Recently I needed to build something that is able to recognize and resolve US city alias, i.e. 'Phila, PA' should be resolved to 'PHILADELPHIA, PA' and 'MANAYUNK, PA' will be also 'PHILADELPHIA, PA' (Manayunk is a neighborhood in Philadelphia, PA). The USPS website has a web lookup tool in which you can put in a zip code and it will show you the zip's corresponding city state and also a list of alternative city names. For example, the outputs of http://zip4.usps.com/zip4/zcl_3_results.jsp?zip5=19148 are


Actual City name in 19148
PHILADELPHIA, PA
Acceptable City names in 19148
PHILA, PA
Not Acceptable
PASSYUNK, PA


By harvesting these information from USPS, you can build a map of alternative city name -> actual city name, then using this map it takes one lookup to resolve a city alias to the actual city. I needed these data but USPS does not have them available for download.
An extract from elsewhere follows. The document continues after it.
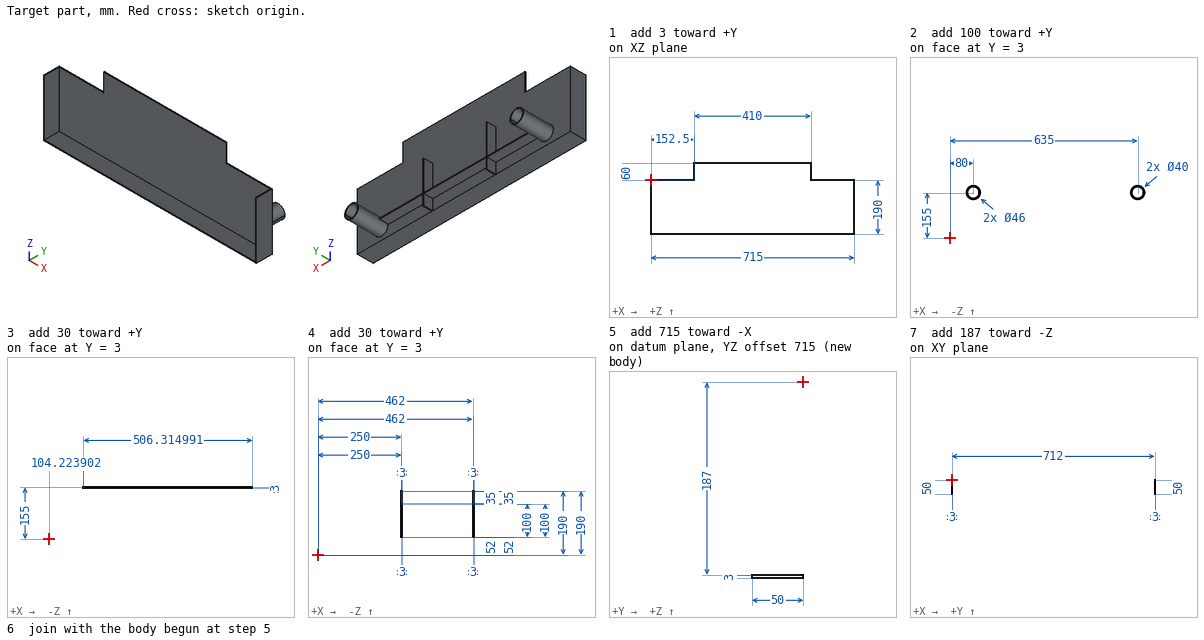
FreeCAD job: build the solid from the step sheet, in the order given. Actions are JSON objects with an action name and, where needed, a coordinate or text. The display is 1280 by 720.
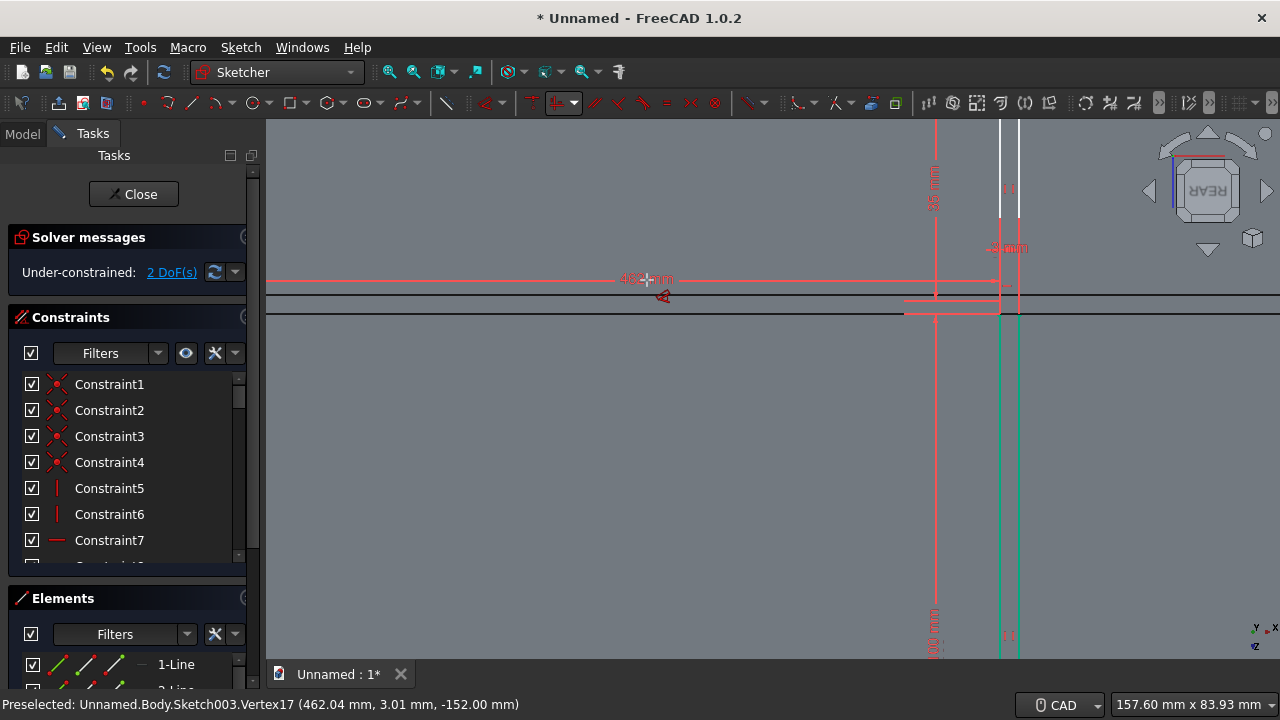
{"action": "scroll", "coordinate": [1003, 315], "scroll_direction": "down", "scroll_amount": 8}

So I wrote a little script that basically executes 'curl http://zip4.usps.com/zip4/zcl_3_results.jsp?zip5=$code' for every zip and extracted the information from the return html.

I put the data up at http://drop.io/cityalias, feel free to download it if you are also interested in these data. The data is in the following format:

$zip $actual_city $actual_state $pipe_delimited_alternative_cities
19113 PHILADELPHIA, PA=PHILA, PA|LESTER, PA


Now I need to build the city alias map. The map will need to be a map of
{ state -> map of
{city alias -> actual city} }
as such:

PA -> {
PHILA -> PHILADELPHIA
LESTER -> PHILADELPHIA
...
},
NY -> {
MANHATTAN -> NEW YORK
NYC -> NEW YORK
...
},
(other states...)



The data set is not very large so I wanted to put the entire map in memory for fast lookups. However, since Java will create a new string for each key and value in the map and also because they are man repeated values, it will be very wasteful space wise to simply throw everything in a hash map as is.

To reduce memory consumption of dictionary data structure, people usually use a trie to compress the data in tree-like form. The city alias data set is pretty small (about 1MB in raw) so I think using a trie would be an overkill.

There's another quick and easy way to reduce the memory footprint which happened to work very well for my case. That is to just first intern the key and values strings before putting them in the hash map. The same string will be interned to the same memory location therefore the map uses the same amount of memory no matter how many instances of 'PHILADELPHIA' we need to put in the map.

I ran a quick profiling session just to see how big is the difference, here's the result for the city alias dataset:

with interning - 450KB
without interning - 1.55MB